Proposed mechanisms of macrophage transformation and metastasis. The tumor microenvironment consists of numerous mitochondria damaging elements, which could impair mitochondria energy production in TAM and tissue macrophages. This would eventually produce genetic instability through the mitochondrial stress or retrograde signaling (RTG) response (A).^, Fusions between macrophages or between macrophages and cancer stem cells could result in cells expressing both the tumor and macrophage genomes (B). The end result would be cells that can survive in hypoxic environments, can proliferate, and can spread to multiple sites through the circulation. Source: Reprinted with permission from.

FIGURE 5

Fusion hybrid hypothesis of cancer cell metastasis. According to our hypothesis, metastatic cancer cells arise following direct transformation or following fusion hybridization between neoplastic epithelial cells and myeloid cells (macrophages). Macrophages are known to invade in situ carcinoma as if it were an unhealed wound. This creates a protracted inflammatory microenvironment leading to fusion hybridization between the neoplastic epithelial cell and the macrophage. Fusion hybridization can explain the phenomenon of EMT without invoking new mutations. Inflammation damages mitochondria leading to enhanced fermentation and acidification of the microenvironment.

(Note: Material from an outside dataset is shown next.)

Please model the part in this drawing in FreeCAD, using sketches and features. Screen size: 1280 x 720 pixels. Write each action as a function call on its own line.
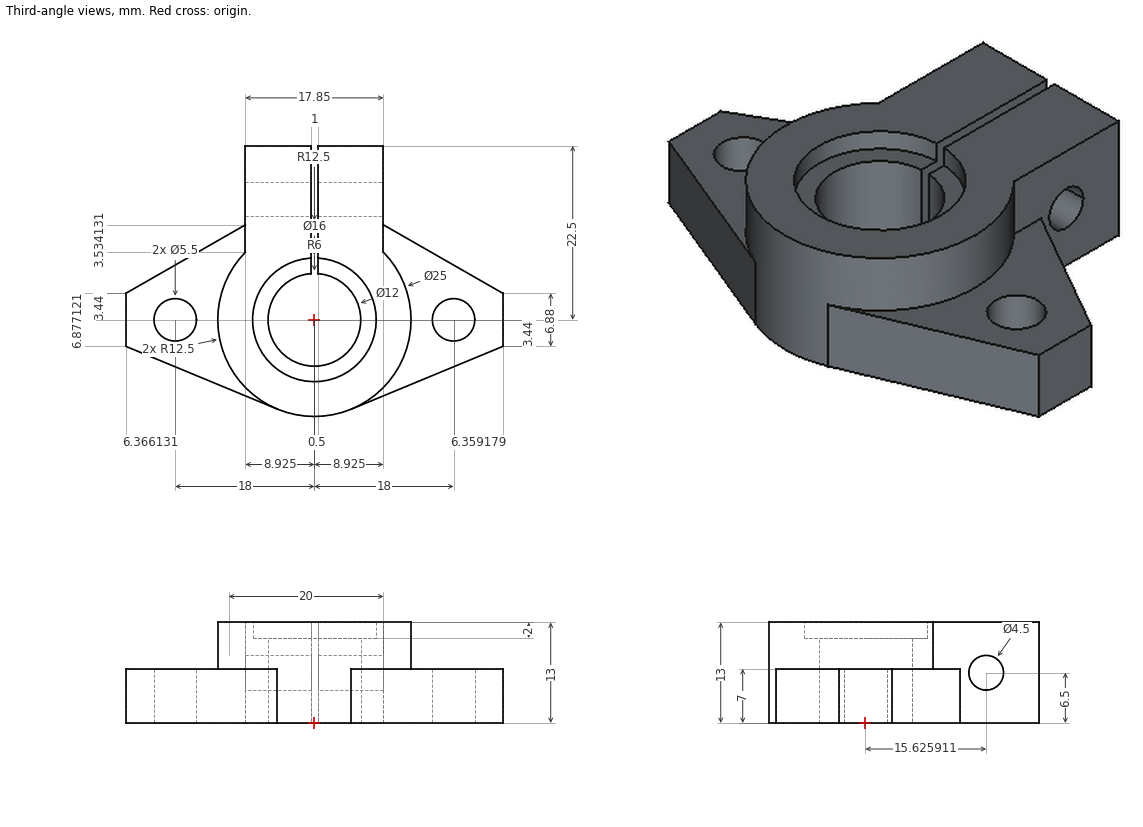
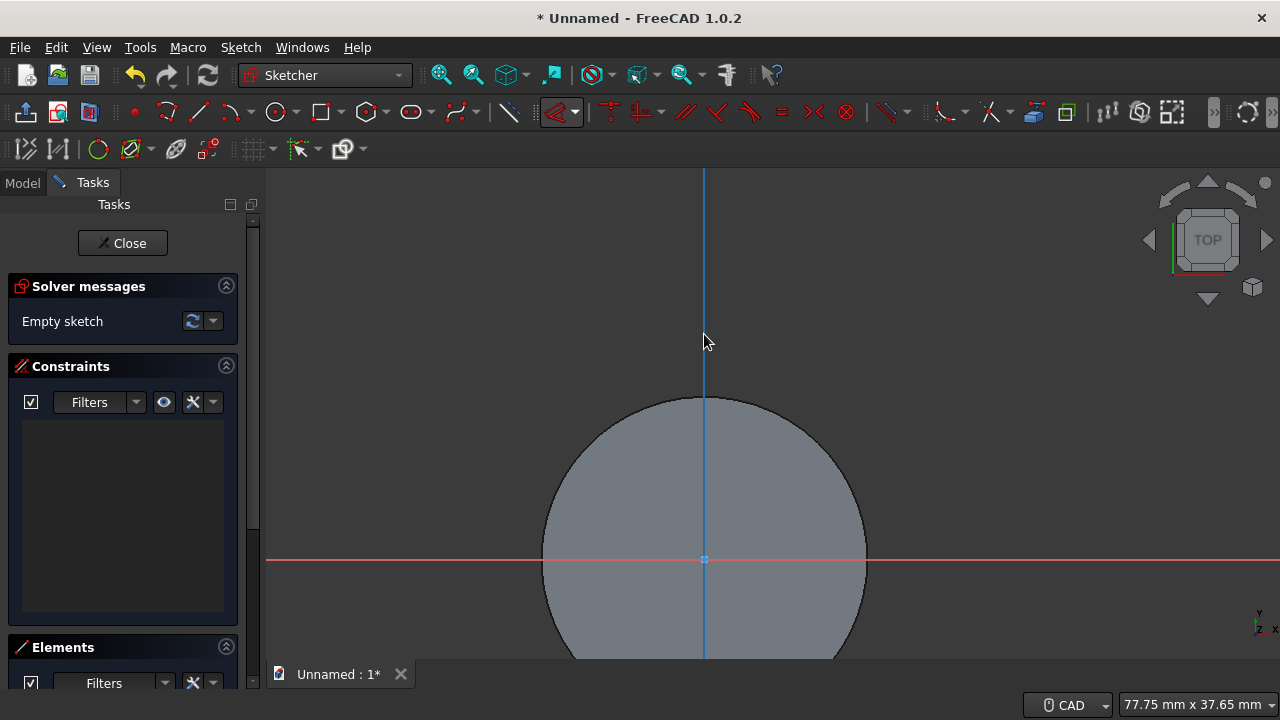
click(168, 112)

Mitochondrial damage leading to respiratory insufficiency becomes the driver for the neoplastic transformation of the epithelial cell and of the fusion hybrids (Figure 4). As macrophages are already mesenchymal cells that naturally possess the capability to enter (intravasate) and exit (extravasate) the circulation, the neoplastic fusion hybrid will behave as a rogue macrophage. The fusogenic properties of macrophage cells can also explain how metastatic cells can recapitulate the epithelial characteristics of the primary tumor at secondary micro-metastatic growth sites. This process can explain the phenomenon of MET without invoking a mutation suppression mechanism. Reprinted with permission from Seyfried and Ling.